Cela avait des airs de tour d’honneur. À deux boucles de l’arrivée, Mark Cavendish s’est laissé (ou fait ?) distancer du groupe de tête dans lequel il se trouvait. Jusqu’à l’arrivée, le Britannique fut alors l’objet de nombreuses marques de sympathie de la part du (rare) public présent, des suiveurs ou de ses collègues, à l’image de son ancien rival André Greipel, tous conscients de vivre peut-être un moment "historique".

À défaut de certitude sur son avenir, le "Cav" a essayé de prendre du plaisir ce mercredi dans un Grand Prix de l’Escaut qui fut le théâtre de son premier succès chez les pros et a marqué une carrière qui s’est peut-être terminée dans la banlieue anversoise. Cavendish, triple lauréat de l’épreuve, était avec Alexander Kristoff l’un des deux seuls anciens vainqueurs de la plus ancienne classique flamande.

En 2007, sa première victoire avait révélé celui qui marqua durant les dix années suivantes le sprint mondial. À Schoten, comme il l’avait fait à Gand-Wevelgem, le coureur de Bahrain-McLaren, arrivé en fin de contrat, se lança dans une offensive au long cours.

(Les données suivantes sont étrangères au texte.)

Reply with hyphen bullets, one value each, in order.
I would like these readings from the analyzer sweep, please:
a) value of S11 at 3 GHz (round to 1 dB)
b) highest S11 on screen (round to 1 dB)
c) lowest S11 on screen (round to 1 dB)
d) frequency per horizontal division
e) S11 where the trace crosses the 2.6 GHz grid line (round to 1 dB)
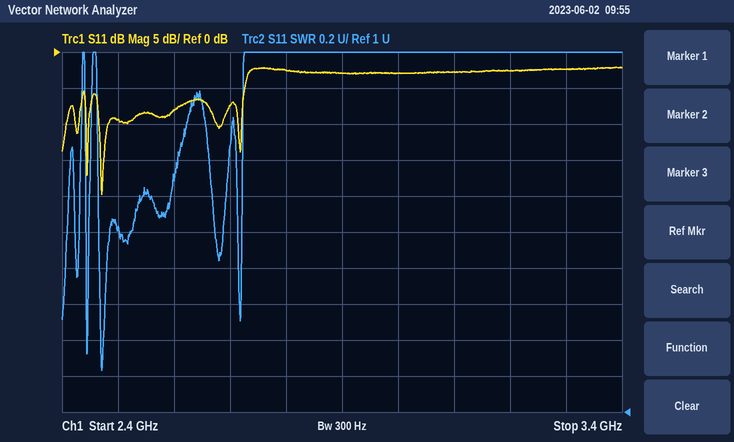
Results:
- -3 dB
- -2 dB
- -20 dB
- 100 MHz
- -8 dB
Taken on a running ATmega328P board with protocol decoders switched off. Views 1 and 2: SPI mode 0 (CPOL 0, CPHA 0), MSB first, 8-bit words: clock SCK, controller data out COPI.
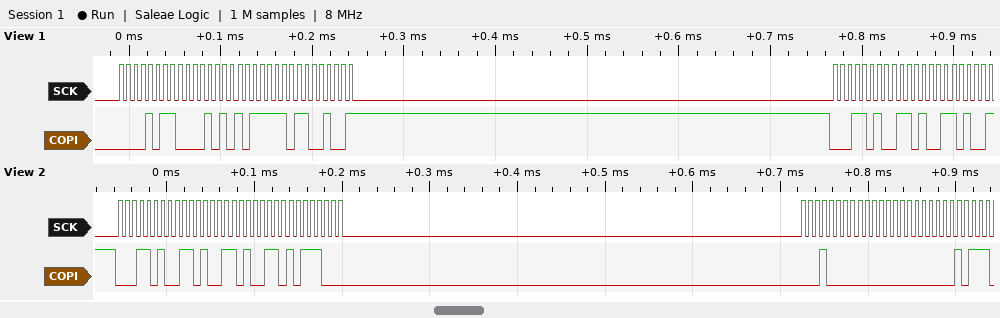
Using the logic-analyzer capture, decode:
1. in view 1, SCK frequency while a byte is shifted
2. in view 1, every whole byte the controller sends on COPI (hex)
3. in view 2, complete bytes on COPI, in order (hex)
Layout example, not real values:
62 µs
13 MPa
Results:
125 kHz
0x0B 0x0A 0xBE 0xC9 0x1A 0x69
0x1A 0x69 0xA6 0xB8 0x10 0x00 0x02
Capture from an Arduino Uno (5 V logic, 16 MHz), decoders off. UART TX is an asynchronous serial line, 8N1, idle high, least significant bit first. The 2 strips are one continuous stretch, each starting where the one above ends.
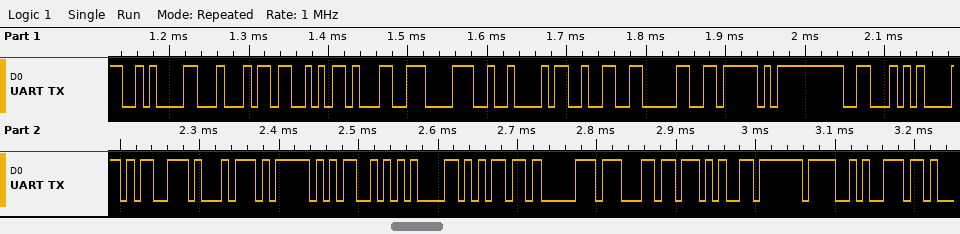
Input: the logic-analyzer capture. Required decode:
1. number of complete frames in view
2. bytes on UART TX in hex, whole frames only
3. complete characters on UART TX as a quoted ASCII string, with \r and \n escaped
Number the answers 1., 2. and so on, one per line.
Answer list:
1. 22
2. 0A 44 53 31 38 42 32 30 5F 46 61 73 74 5F 53 61 6D 70 6C 65 4F 6E
3. "\nDS18B20_Fast_SampleOn"
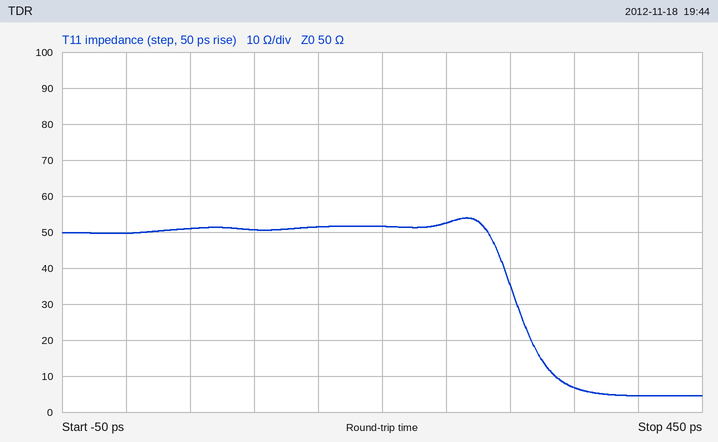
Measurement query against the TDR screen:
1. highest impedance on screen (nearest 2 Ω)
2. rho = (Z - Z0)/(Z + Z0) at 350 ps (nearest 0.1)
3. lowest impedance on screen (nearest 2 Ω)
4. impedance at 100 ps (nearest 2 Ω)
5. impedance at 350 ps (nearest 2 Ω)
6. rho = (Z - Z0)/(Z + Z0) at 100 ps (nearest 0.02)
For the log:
54 Ω
-0.8
4 Ω
50 Ω
6 Ω
0.00
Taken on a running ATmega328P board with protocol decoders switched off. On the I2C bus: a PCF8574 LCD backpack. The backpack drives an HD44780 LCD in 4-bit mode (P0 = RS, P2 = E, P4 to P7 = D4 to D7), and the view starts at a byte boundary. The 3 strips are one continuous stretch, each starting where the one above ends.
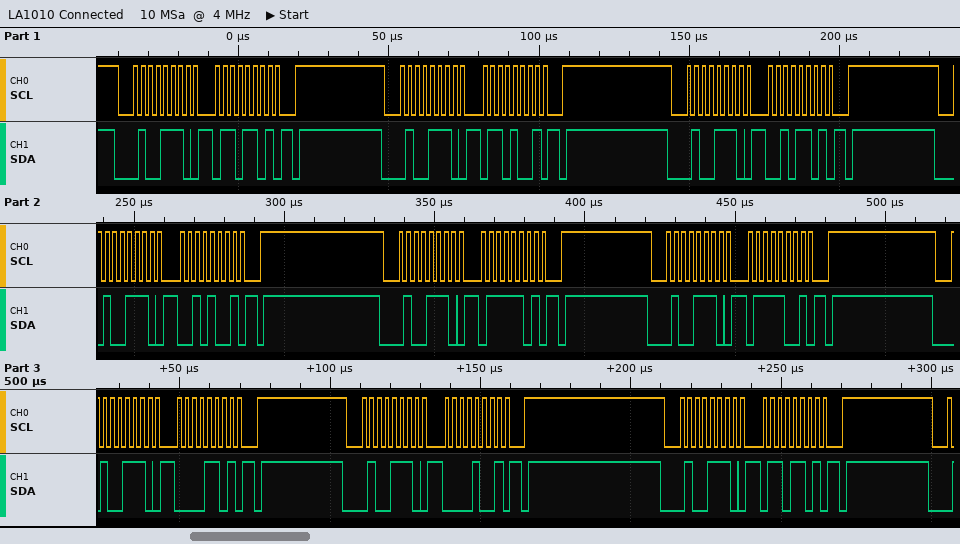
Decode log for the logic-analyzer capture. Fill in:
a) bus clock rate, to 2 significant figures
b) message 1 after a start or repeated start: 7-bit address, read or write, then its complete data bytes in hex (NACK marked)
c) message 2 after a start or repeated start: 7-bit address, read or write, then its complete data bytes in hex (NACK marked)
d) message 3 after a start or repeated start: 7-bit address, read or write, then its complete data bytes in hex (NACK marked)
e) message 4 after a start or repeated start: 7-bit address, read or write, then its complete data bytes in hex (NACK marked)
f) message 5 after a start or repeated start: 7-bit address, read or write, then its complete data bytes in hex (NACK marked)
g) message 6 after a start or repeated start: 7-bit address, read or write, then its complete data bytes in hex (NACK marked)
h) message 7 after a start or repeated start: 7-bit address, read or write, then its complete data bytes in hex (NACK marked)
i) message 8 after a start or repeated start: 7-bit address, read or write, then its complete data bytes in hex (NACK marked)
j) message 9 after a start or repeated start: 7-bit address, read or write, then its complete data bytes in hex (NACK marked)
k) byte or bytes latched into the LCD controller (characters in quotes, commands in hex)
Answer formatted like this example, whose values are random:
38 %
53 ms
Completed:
400 kHz
0x27 write: 6D
0x27 write: 69
0x27 write: 2D
0x27 write: 29
0x27 write: 7D
0x27 write: 79
0x27 write: 0D
0x27 write: 09
0x27 write: 6D
'b' 'p'
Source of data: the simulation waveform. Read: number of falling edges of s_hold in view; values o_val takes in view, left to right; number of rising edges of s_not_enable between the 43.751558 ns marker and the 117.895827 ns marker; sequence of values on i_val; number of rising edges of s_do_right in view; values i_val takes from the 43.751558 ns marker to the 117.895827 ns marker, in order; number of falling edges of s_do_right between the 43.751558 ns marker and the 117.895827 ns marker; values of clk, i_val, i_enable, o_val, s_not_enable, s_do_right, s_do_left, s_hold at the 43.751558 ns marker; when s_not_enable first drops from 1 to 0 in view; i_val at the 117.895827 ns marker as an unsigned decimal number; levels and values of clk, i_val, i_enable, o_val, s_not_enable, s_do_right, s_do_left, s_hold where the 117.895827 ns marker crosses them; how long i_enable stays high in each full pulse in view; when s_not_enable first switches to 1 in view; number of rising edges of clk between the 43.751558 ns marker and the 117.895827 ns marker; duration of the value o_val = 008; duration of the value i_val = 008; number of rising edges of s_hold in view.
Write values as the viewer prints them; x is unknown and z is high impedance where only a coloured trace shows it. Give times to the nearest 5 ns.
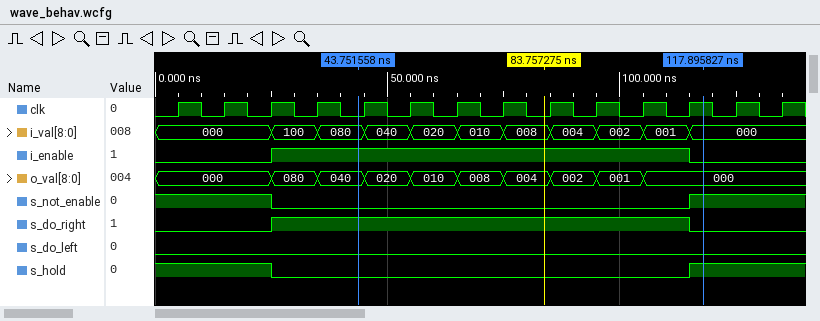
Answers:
1
000, 080, 040, 020, 010, 008, 004, 002, 001, 000
1
000, 100, 080, 040, 020, 010, 008, 004, 002, 001, 000
1
080, 040, 020, 010, 008, 004, 002, 001, 000
1
clk=0, i_val=080, i_enable=1, o_val=040, s_not_enable=0, s_do_right=1, s_do_left=0, s_hold=0
25 ns
0
clk=1, i_val=000, i_enable=0, o_val=000, s_not_enable=1, s_do_right=0, s_do_left=0, s_hold=1
90 ns
115 ns
8
10 ns
10 ns
1

Peu auparavant, il s’était expliqué sur les larmes qu’il n’avait pu retenir dimanche à Wevelgem.

"J’avais entendu avant le départ qu’avec le coronavirus, on ne courrait peut-être plus en Belgique", avouait-il. "Subitement, j’ai pensé que Gand-Wevegem serait ma dernière course car je n’ai pas encore d’équipe pour l’an prochain."

En fait, Mark Cavendish a toujours envie de courir.

"On dit que cela fait quelques années que cela va de plus en plus mal, mais c’est relatif, 80 % des coureurs ne gagnent jamais une course", dit-il. "Heureusement, ce ne fut pas mon cas. En 2016, j’ai décidé d’aller chez Qhubeka, car je voulais aussi rendre quelque chose au cyclisme. Évidemment, je voulais gagner mais cela va au-delà de simplement gagner des courses. Je voulais rendre le cyclisme populaire en Grande-Bretagne et auprès des jeunes. On verra ce qui va arriver mais j’espère encore courir l’an prochain. Je ne veux pas arrêter, j’aime trop le sport, je lui ai donné ma vie. Je veux continuer à courir."